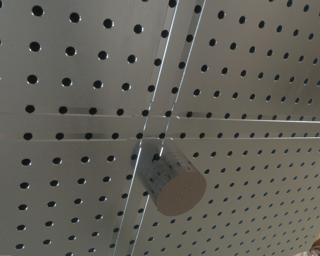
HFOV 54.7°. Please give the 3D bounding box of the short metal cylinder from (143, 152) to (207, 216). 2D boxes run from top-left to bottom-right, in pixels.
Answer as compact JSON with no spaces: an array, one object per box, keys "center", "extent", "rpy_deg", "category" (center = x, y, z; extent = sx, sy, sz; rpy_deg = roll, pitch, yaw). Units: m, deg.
[{"center":[0.021,0.083,0.460],"extent":[0.081,0.050,0.079],"rpy_deg":[-14,125,-21],"category":"short metal cylinder"}]
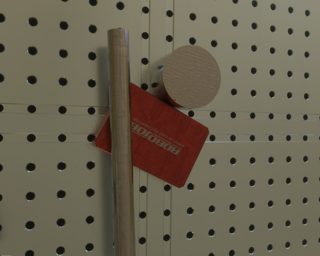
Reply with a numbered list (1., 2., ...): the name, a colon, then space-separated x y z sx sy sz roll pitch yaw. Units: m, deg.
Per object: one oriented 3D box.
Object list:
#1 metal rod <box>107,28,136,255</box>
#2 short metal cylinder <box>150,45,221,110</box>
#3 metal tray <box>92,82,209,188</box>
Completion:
1. metal rod: -0.044 0.037 0.363 0.025 0.025 0.298 -2 91 -20
2. short metal cylinder: 0.033 -0.064 0.411 0.081 0.050 0.079 0 90 -20
3. metal tray: -0.010 0.011 0.406 0.131 0.030 0.090 29 80 -18
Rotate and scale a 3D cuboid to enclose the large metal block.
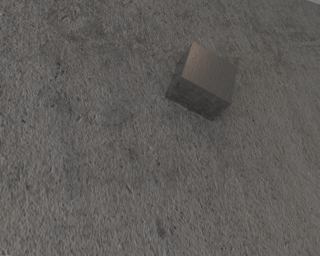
[{"bbox_3d":[0.064,-0.069,0.464,0.080,0.050,0.080,27,52,-11],"label":"large metal block"}]
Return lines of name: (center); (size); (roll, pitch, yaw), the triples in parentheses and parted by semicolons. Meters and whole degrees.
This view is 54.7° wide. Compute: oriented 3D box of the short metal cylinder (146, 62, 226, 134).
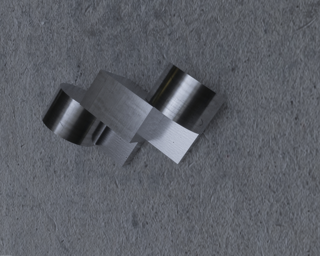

---*---

What the exercise asks: Take the lines of the material above from the first through the one containing "#1 metal rod <box>107,28,136,255</box>", both included, and print them exactly without the pictures.

The completed task:
HFOV 54.7°. Please give the 3D bounding box of the short metal cylinder from (143, 152) to (207, 216). 2D boxes run from top-left to bottom-right, in pixels.
Answer as compact JSON with no spaces: an array, one object per box, keys "center", "extent", "rpy_deg", "category" (center = x, y, z; extent = sx, sy, sz; rpy_deg = roll, pitch, yaw). Units: m, deg.
[{"center":[0.021,0.083,0.460],"extent":[0.081,0.050,0.079],"rpy_deg":[-14,125,-21],"category":"short metal cylinder"}]
Reply with a numbered list (1., 2., ...): the name, a colon, then space-separated x y z sx sy sz roll pitch yaw. Units: m, deg.
Per object: one oriented 3D box.
Object list:
#1 metal rod <box>107,28,136,255</box>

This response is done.